Entonces a hacerle caso a pandacba  con el TIP125


----------



## locosxlamoto (Abr 28, 2011)

Muchas gracias, probare pues con un led como me indicas y la R de 1K y buscare el TIP125 . El opto que tengo es el 4N35, tenia la duda de si utilizar el 4N30 que viene con darlington por el problema de la corriente. Qué diodo pongo en paralelo para la protección? el 1N47 ?


----------



## gonzac.top (Abr 28, 2011)

Me queda la duda del problema con la corriente, yo utilice para algo parecido un opto de 4 patas, pero si los expertos lo dicen... 

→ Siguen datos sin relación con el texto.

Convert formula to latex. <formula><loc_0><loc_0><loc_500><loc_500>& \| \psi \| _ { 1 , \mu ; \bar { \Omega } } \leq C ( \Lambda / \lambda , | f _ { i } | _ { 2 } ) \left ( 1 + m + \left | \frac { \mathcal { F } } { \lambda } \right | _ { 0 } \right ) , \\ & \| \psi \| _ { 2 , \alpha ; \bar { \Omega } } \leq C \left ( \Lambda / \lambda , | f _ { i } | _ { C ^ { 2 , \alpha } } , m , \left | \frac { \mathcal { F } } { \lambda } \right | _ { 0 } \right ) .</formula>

El diodo puede ser cualquiera, es solo para las corrientes inversas. Con un zener comun como 1n4148 deberia andar.

Saludos


----------



## Scooter (Abr 28, 2011)

No tiene mucho sentido poner un optoacoplador y luego un relé porque el relé ya tiene aislamiento galvánico, no necesitas dos aislamientos.
De todos modos es probable que el opto no de bastante corriente; la mayoría tienen una función de transferencia en corriente de uno mas o menos, si el led consume 15mA el transistor conduce una cosa por el estilo.
Soluciones:
- Usa un optodarlington como el 4N32 
- Pon un transistor externo
- Aumenta la corriente por el led aunque eso no se si será bastante


----------



## locosxlamoto (Abr 28, 2011)

Lo de poner el relé es porque quiero activar una electroválvula que funciona con alterna. El circuito funciona bien tal cual el esquema.
Según la web donde el esquema
http://www.pablin.com.ar/electron/ci...rios/proximid/ 
indica que para controlar / activar un circuito externo basta SUSTITUIR EL LED por un optoacoplador, supongo para tener más corriente.

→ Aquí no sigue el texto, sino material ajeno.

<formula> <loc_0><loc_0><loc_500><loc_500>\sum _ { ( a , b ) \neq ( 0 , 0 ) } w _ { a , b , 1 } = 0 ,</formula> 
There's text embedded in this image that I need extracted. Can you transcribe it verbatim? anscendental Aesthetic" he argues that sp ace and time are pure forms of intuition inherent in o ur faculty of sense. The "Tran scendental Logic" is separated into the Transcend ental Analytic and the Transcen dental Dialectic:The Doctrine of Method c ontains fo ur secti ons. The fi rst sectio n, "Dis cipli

Yo he probado con el 4N30 y no funciona según este esquema donde R la he puesto de 20ohmios y alimentando el relé a la salida del opto con 5V, deberia alimentarlo con más tensión? entiendo que funciona con valores de 3 a 5 V.






 PAra conseguir más corriente y poder activar el relé según me dices puedo probar el optodarlington 4N32 en vez del 30, lo del transistor externo, a que te refieres, donde lo conecto? te refieres al apunte de pandacba de sustituir el 558 por el TIP125?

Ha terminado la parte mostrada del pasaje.